— Думал, с кондачка проскочишь? — ковырнул Леонид.

— Думал — да, но не тут-то было. Неделю назад появились свежие списки, так моя фамилия там написана дважды, не иначе как особо злостного должника. Я — тыр-пыр, а этот дед, чтоб ему неладно было, куда-то уехал, в санаторий, что ли? — Он набрал воздуха и в голос выдохнул. — О-о-ох, что теперь делать — ума не приложу. Если бы этот хрыч никуда не свалил, я бы его как-нибудь уломал, но где ж я его теперь найду?
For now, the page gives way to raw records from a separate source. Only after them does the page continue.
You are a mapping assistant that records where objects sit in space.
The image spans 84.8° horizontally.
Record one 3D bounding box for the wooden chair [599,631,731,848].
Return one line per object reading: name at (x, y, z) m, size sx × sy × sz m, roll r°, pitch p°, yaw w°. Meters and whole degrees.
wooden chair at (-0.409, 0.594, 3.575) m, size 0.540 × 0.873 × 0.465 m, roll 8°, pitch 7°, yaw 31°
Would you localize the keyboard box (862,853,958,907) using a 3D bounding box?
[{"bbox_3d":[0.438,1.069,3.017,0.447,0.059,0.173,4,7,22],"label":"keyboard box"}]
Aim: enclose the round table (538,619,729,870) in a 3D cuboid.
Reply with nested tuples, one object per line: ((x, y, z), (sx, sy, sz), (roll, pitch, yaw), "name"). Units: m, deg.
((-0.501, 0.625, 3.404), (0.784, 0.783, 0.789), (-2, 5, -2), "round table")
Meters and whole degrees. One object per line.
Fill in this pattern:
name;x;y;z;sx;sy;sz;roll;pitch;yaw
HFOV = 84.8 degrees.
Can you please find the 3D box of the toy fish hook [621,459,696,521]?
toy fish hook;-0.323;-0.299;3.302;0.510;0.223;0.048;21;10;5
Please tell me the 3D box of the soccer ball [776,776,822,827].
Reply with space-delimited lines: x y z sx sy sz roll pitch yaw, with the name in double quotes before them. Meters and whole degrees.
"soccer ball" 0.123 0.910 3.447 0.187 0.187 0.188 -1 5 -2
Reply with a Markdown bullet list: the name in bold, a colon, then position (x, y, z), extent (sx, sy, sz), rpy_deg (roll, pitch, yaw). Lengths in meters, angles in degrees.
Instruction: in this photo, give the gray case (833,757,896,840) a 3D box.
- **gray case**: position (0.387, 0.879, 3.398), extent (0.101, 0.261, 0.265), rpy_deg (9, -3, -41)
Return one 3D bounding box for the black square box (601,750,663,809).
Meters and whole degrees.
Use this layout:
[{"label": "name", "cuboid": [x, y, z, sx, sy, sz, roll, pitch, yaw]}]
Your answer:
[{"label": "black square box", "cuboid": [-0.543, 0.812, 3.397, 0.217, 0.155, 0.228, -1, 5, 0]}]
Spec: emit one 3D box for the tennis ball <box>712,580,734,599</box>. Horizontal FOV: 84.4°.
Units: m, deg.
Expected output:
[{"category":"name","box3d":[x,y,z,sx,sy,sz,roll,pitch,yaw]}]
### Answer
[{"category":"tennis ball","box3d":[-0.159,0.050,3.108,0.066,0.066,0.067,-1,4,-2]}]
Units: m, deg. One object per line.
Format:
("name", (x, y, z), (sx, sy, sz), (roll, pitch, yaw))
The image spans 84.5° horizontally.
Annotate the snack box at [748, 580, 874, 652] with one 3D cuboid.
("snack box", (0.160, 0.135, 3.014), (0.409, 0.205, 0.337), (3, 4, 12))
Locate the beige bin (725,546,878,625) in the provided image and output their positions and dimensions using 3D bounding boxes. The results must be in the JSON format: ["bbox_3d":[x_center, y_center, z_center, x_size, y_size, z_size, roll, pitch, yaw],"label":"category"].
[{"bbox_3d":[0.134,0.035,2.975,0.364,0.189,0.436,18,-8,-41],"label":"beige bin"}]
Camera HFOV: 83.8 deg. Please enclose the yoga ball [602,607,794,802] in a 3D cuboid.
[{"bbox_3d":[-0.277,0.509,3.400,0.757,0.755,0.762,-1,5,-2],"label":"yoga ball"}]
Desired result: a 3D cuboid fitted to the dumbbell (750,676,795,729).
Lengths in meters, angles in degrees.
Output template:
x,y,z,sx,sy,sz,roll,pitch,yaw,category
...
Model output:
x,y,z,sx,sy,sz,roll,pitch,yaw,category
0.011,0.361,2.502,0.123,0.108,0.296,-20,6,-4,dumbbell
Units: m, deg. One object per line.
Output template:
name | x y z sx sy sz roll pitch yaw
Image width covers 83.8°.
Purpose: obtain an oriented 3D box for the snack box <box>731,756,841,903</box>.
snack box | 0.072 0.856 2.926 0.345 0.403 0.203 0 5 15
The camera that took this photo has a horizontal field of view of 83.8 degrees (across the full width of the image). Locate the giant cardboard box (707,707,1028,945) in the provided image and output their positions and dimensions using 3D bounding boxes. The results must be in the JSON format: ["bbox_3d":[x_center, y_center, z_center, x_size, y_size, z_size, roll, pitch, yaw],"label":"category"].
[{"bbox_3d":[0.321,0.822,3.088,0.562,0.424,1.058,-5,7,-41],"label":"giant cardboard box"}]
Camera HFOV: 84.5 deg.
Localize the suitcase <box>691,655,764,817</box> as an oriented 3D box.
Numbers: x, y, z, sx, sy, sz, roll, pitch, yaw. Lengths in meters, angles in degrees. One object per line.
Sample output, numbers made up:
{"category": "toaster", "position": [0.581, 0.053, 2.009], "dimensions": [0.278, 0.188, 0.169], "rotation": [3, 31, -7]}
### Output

Я — в деканат, так, мол, и так, а они — в отказку: ничего знать не знаем и ведать не ведаем, положено, чтобы экзамен принимал Преображенский, вот к нему и все вопросы.

— И за какую же сумму почтенные работники умственного труда согласились закрыть глаза на твои милые шалости? — Уголки губ Тополя-старшего дрогнули.

— Тебя интересует сумма в у.е., или можно назвать в рублях? — огрызнулся Семён. — Какая разница, если у тебя всё равно ничем не разживёшься? И что мне за родители такие достались? — тёмно-синие глаза Семёна полыхнули обидой. — Вон, Ванька подкатился к своим — они ему всё в клювике принесли, разве что ленточкой не перевязали. А мне — как хочешь, так и крутись. У тебя — голяк, мать — та вообще ничего слышать о деньгах не хочет, сдавай, говорит, долги, как все прочие люди.

— Значит, Надька морали читает? — Довольный услышанным, Леонид по-кошачьи прищурился. — А ты не пробовал ей объяснить, чем всё это может для тебя закончиться?

— После того как она в мае чуть на тот свет не отправилась, ей вообще ничего объяснить невозможно. — Семён криво усмехнулся. — Хочешь, говорит, учись, не хочешь — ступай в армию. Вот и весь разговор.

— Круто она с тобой. И давно вы так?

— Да как из больницы вышла, — с неохотой проговорил Семён. — Я ведь тогда к ней так ни разу и не зашёл.

— А чего?

— Да не знаю, — ещё больше помрачнел Семён, — не сложилось как-то. Когда выяснилось, что умерла вовсе не она, а какая-то другая тётка, меня как напополам перерезало. Понимаешь, ну не мог к ней прийти, и всё тут, хоть режь меня на кусочки. Ну, вот с тех пор мы и чужие.

— Надо же, как жизнь складывается. — Леонид криво усмехнулся. — Двадцать лет Надька с тобой носилась, как курица с яйцом, всё время крылья над тобой держала: как бы чего не вышло, да как бы чего не стало, и — на тебе, додержалась… — Он потянулся за салфеткой, бесшумно рассмеялся, и его узкие плечи мелко затряслись. — Вот уж точно не знаешь, где найдёшь, где потеряешь. Значит, говоришь, кровь из носу, деньги нужны? И как скоро?

— Вчера.

— Даже так? — Закусив губу, Тополь задумался, и его брови сошлись у переносицы.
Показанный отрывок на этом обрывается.